Earl v. Tulsa County District Court

606 P.2d 545
CourtSupreme Court of Oklahoma
DecidedJanuary 28, 1980
Docket53952
StatusPublished
Cited by39 cases

This text of 606 P.2d 545 (Earl v. Tulsa County District Court) is published on Counsel Stack Legal Research, covering Supreme Court of Oklahoma primary law. Counsel Stack provides free access to over 12 million legal documents including statutes, case law, regulations, and constitutions.

Bluebook
Earl v. Tulsa County District Court, 606 P.2d 545 (Okla. 1980).

Opinion

*546 OPALA, Justice.

The question sought to be presented is whether by the terms of 19 O.S.Supp.1974 § 138.4(a) 1 discretion is reposed in the district judges in each of the two affected counties 2 to establish the public defender’s salary and that of each of his/her bugetarily authorized assistants at some level “commensurate with” that provided for the counterpart positions in the local prosecutor’s office. Petitioners urge upon us a construction mandating absolute and undeviating equality of compensation rates for comparable functionaries in the two services. We assume jurisdiction under Art. 7 § 4, Okl.Con. and, additionally, invoke our powers of administrative control under Art. 7 § 6, Okl.Con., to settle this first-impression issue and resolve what appears to be an intra-service conflict in managerial approach. 3 Our answer is that the statute under construction is self-executing and hence permits no exercise of managerial discretion.

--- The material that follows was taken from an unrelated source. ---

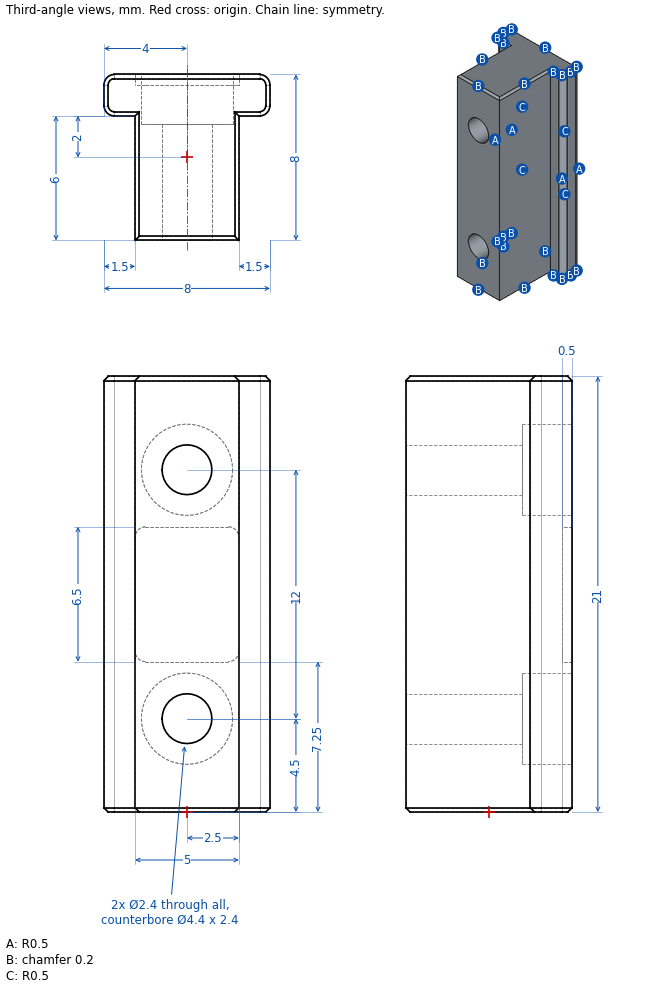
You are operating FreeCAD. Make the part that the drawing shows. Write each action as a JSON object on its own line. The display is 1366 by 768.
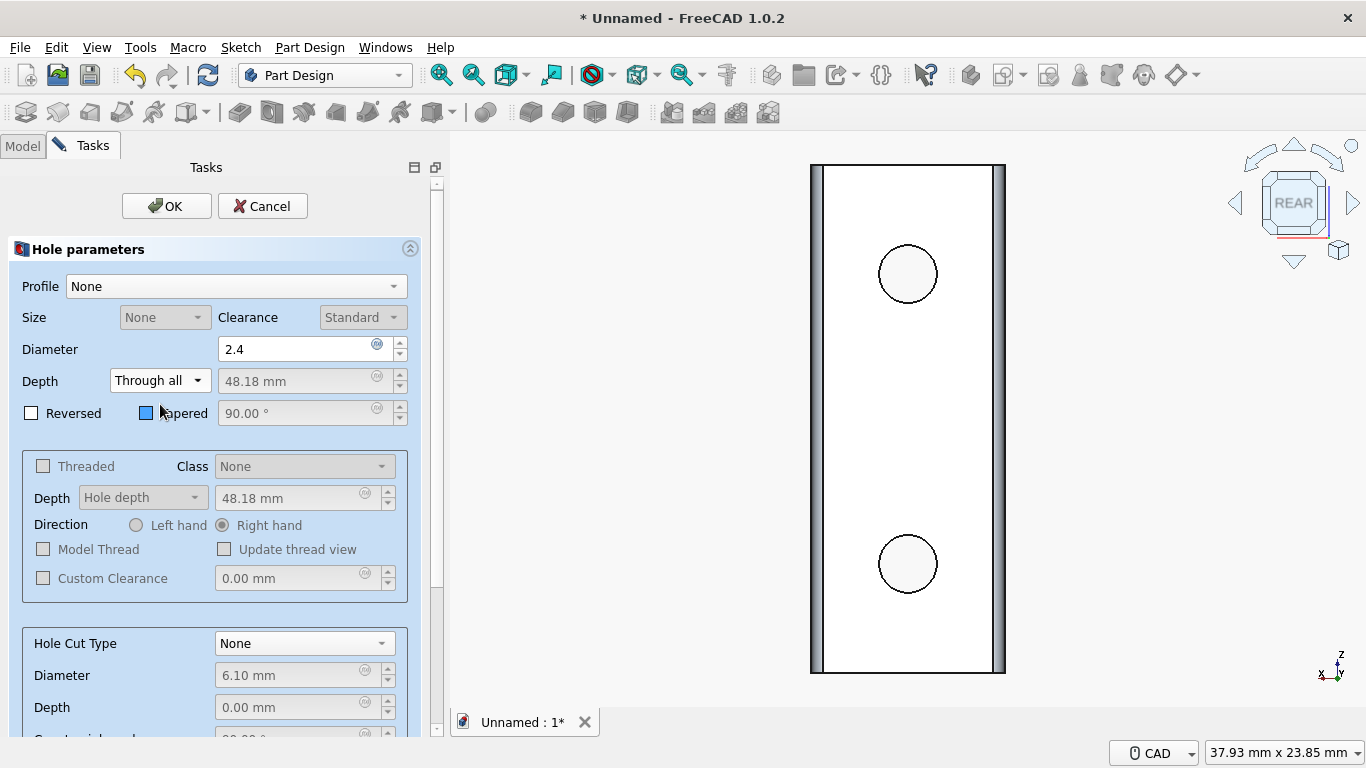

The controversy arose when in January 1979 the public defender in Tulsa County sought for himself and for six (6) of his assistants a salary structure based on the increased rate of pay authorized, effective January 1, 1979, by the terms of 19 O.S. Supp.1977 §§ 215.14 and 215.15, for the state prosecutorial service. 4

The request came to be renewed in May 1979 shortly after the Legislature passed Senate Concurrent Resolution # 30. That document declares that the words “commensurate with”, used in § 138.4(a), were intended to have a meaning synonymous with “equal to”. The instant proceeding followed the district judges’ 5 rejection, on June 29, 1979, of the public defender’s plea to have his increased-pay request reconsidered.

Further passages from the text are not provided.